[Python-ideas] Extending expressions using ellipsis

Shane Hathaway shane at hathawaymix.org
Thu Sep 1 01:24:33 EDT 2016


On 08/31/2016 07:25 PM, Guido van Rossum wrote:
> On Wed, Aug 31, 2016 at 2:46 PM, Shane Hathaway <shane at hathawaymix.org> wrote:
> [...]
>> I'd like to suggest a small change to the Python parser that would make long
>> expressions read better:
>>
>> rows = dbsession.query(Table1) ...
>>     .join(
>>         Table2, Table2.y = Table1.y)
>>     .filter(Table1.x = xx)
>>     .all()
>>
>> [...]
> (And no, this isn't equivalent to using '\'.)

Exactly.

> Would this be enforced in the grammar or by the lexer?
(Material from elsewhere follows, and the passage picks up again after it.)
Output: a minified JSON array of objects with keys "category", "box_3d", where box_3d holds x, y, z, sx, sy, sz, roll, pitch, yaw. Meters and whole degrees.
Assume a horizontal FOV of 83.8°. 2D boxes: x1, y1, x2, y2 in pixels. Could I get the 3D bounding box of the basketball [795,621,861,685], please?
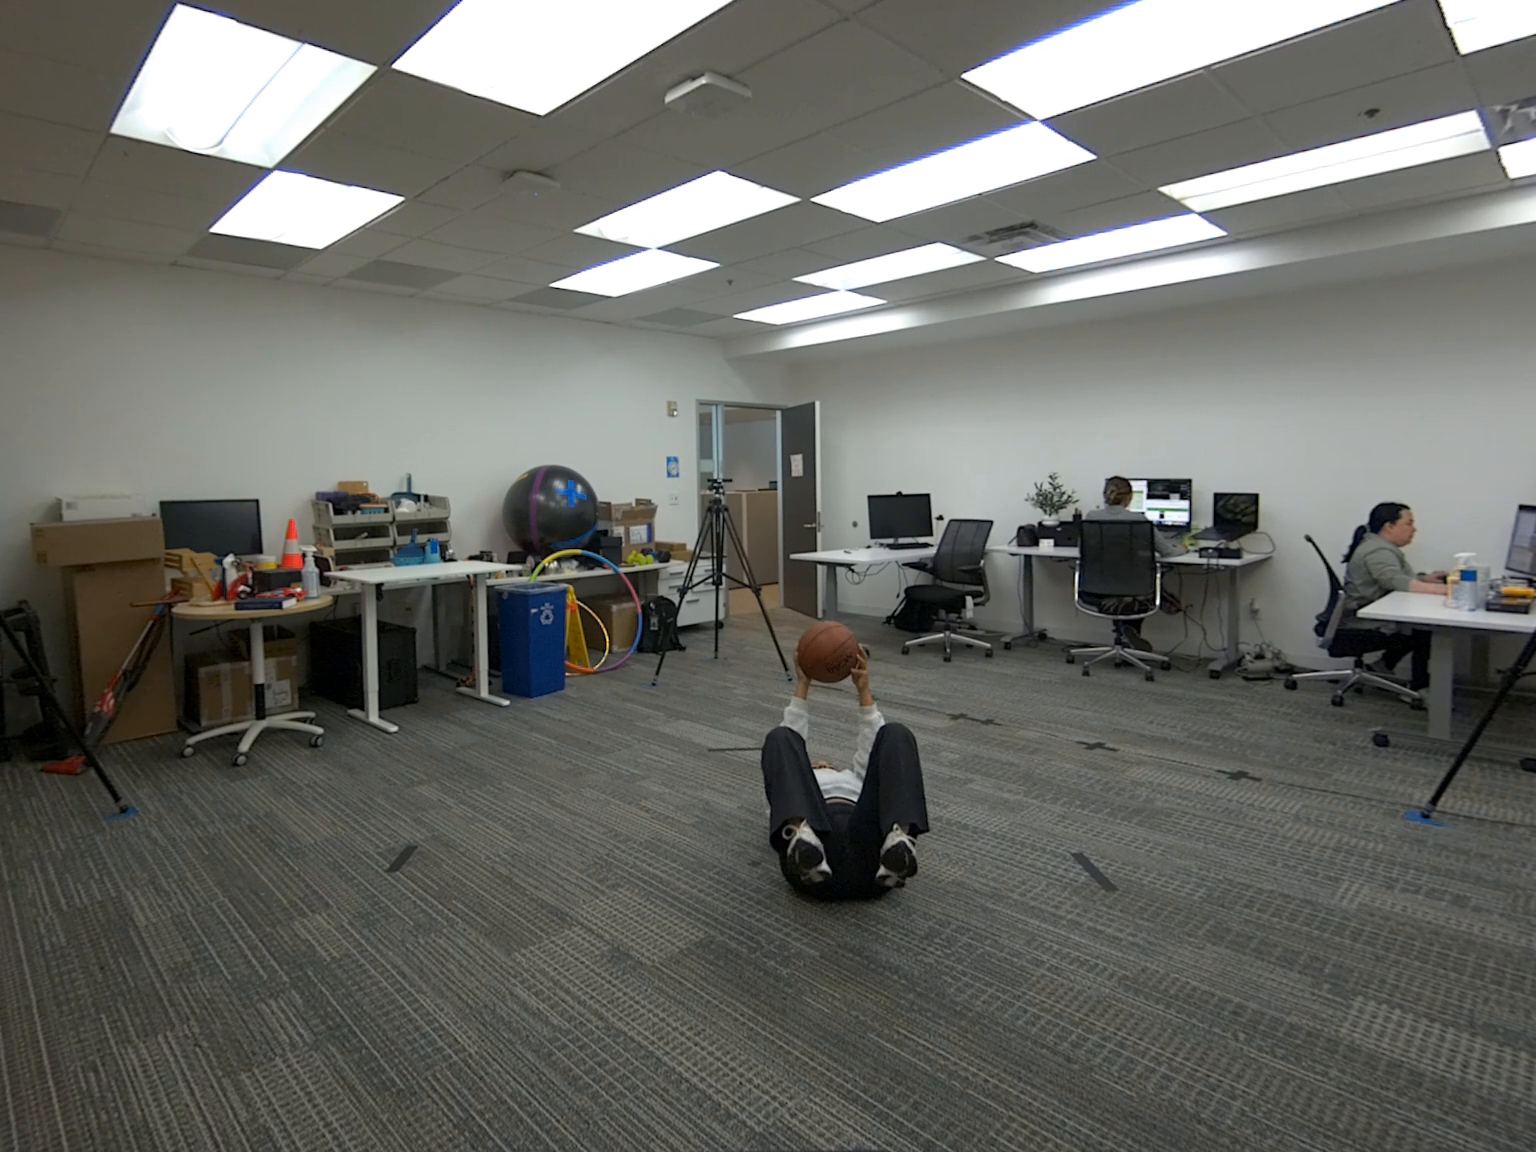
[{"category":"basketball","box_3d":[0.237,0.303,3.312,0.236,0.235,0.237,-1,5,-2]}]
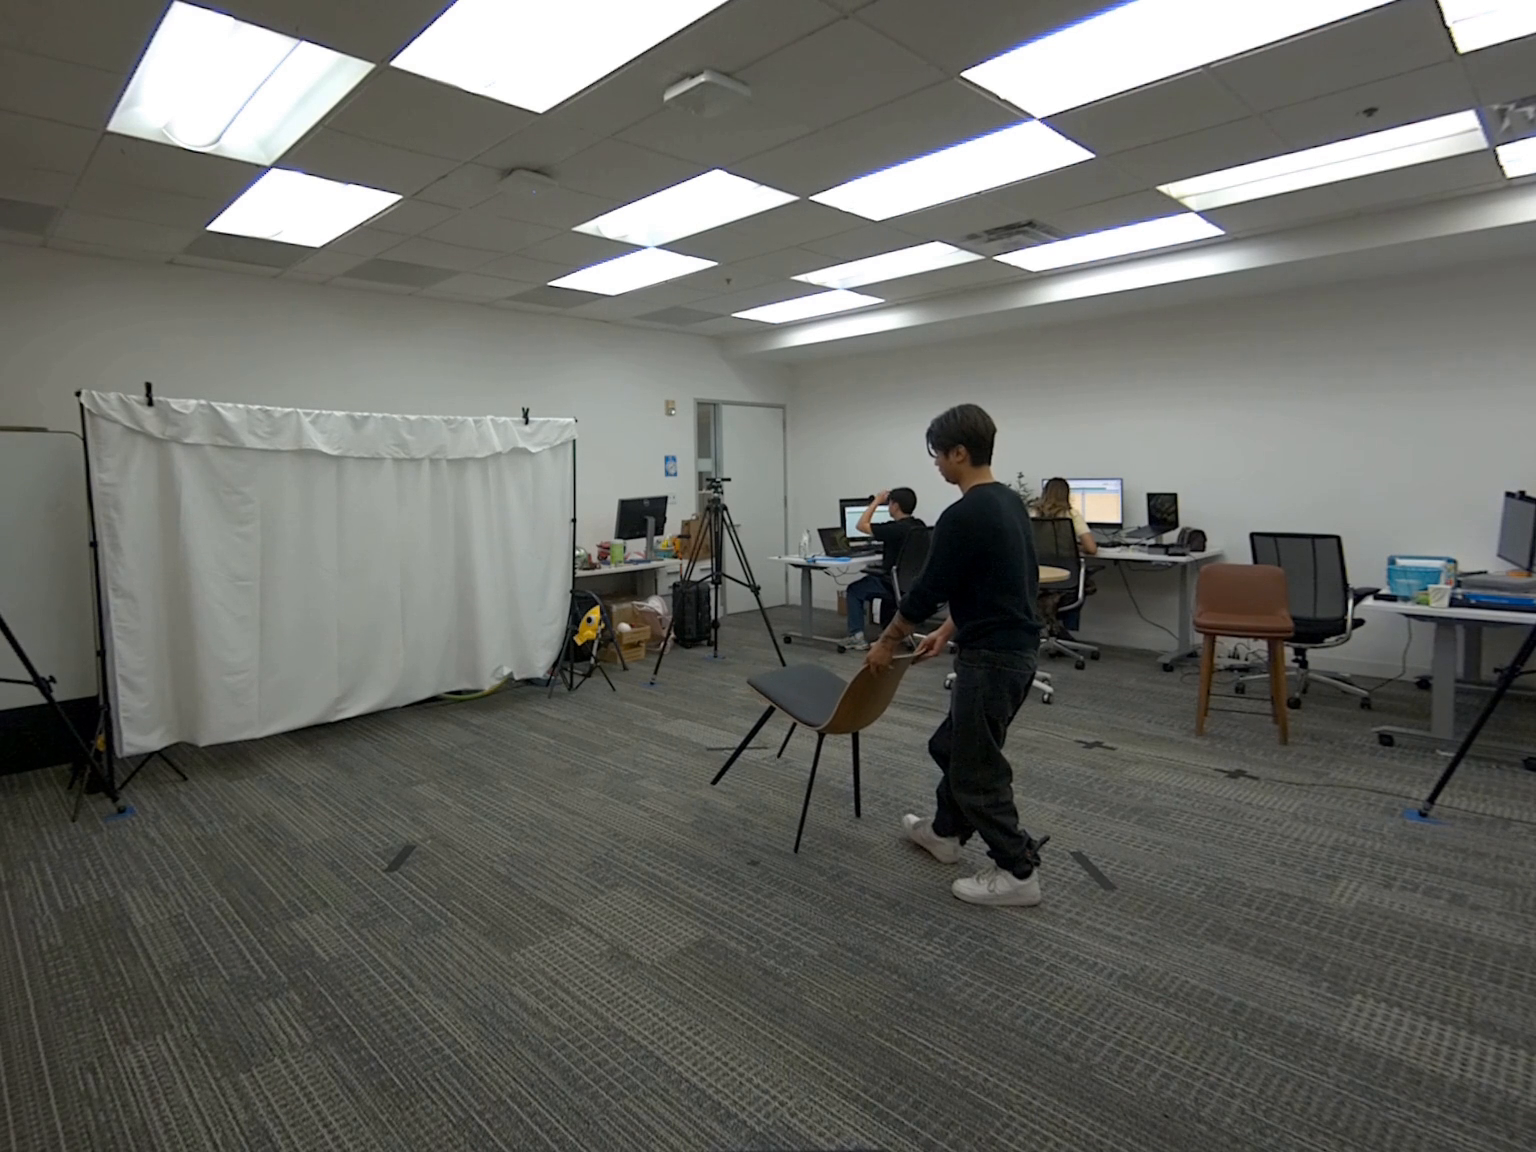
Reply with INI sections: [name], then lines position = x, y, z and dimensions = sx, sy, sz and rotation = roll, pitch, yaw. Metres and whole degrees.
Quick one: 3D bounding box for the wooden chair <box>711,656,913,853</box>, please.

Since you say
> you expect the indentation to be enforced, that suggests it would be
> done by the grammar, but then the question is how you would modify the
> grammar? You could take the rule that says an expression can be
> followed by ".NAME" and extended it to also allow "... INDENT xxxxx
> DEDENT" where the xxxxx is whatever's allowed at ".NAME" (i.e. ".NAME"
> followed by other tails like "(......)" or "[.......]".
>
> But then you could only use this new idea for chaining method calls,
> and not for spreading other large expressions across multiple lines.

Yes, I was hoping the enhancement might be useful for more than just 
chaining method calls; if possible, the ellipsis should be allowed 
between any expression tokens.

I'll study the grammar and see if my idea fits cleanly somehow. Thanks!